The Victorian branch of the Country Women’s Association will discuss marriage equality at its next annual conference after the social issues committee moved a resolution in support of same-sex couples.
All 330 Victorian branches will have a say on whether the CWA "advocates for the equality of all Australians under the Commonwealth Marriage Act" at the organisation's state conference in Melbourne next weekend.
Victorian president Machelle Crichton told BuzzFeed News she has no idea if the resolution will succeed, but she looks forward to the discussion.
"People come to me and go 'You shouldn’t allow a vote on marriage equality'. And I say, ‘I don’t have the power to stop it. You have to allow the process to continue. It’s democratic. I’m not a dictator'."
But for every person who thinks the CWA shouldn't discuss marriage equality, there is someone who supports it.

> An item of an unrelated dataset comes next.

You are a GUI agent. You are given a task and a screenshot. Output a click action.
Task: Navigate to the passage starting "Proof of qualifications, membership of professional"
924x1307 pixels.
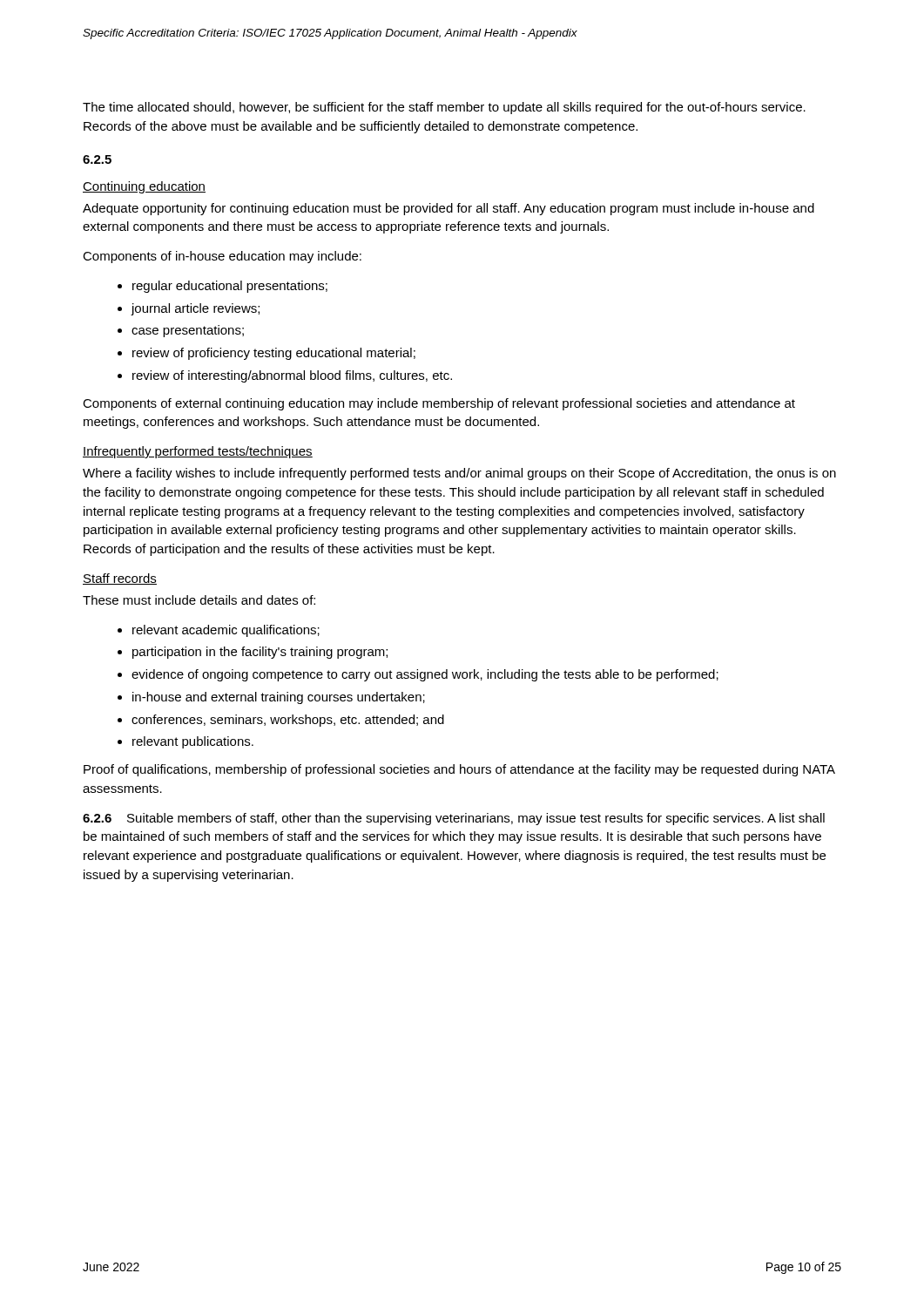(462, 779)

"You go around and there’s lots of women who have a child who is gay, or a niece, or a family friend, or whatever," Crichton said. "Who knows, in this day and age?"
If the resolution passes, it will go to the next national CWA conference for consideration.
Despite the stereotypes of baking and knitting, the CWA is no stranger to addressing contentious social issues.
As early as 1936 the NSW conference discussed a resolution on equal pay for women. Last year the national conference resolved to write to the federal government asking that the GST be taken off sanitary pads and tampons.
Crichton said past conference discussions have been controversial, noting the Victorian CWA's call to reintroduce capital punishment in 1993.
She predicts the marriage equality resolution will be no different.
“I’ve got to sit there and keep a straight face. It’s going to be controversial.”
“People think [The CWA] is all about the scones and the jam and cream, but the work behind it is serious stuff," Crichton said. "Lobbying and advocating for women and children is the key object of the association."
"Food makes money, which funds the operation of the branches,” Crichton explained. “But then you get the labels, don’t you.”
The creative arts side of the CWA also has a feminist bent.
“[We] value women’s work, when society doesn’t. Society does not value a beautiful patchwork quilt,” Crichton said.
“The women in Picasso’s time would have made beautiful things. But who’s getting a million dollars for a painting?”
With ten resolutions to get through this year – last year the conference had six – time will be tight.
Other topics slated for discussion include speed limits being painted onto road surfaces, regional rail infrastructure, greenhouse gas emissions, and reform that would “encourage the production of handcrafted smallgoods”.
But Crichton warns, don't turn up to the conference expecting delicious baked goods.
“There’s no scones there, let me tell you. If anyone turns up expecting scones, they’re not going to get any.”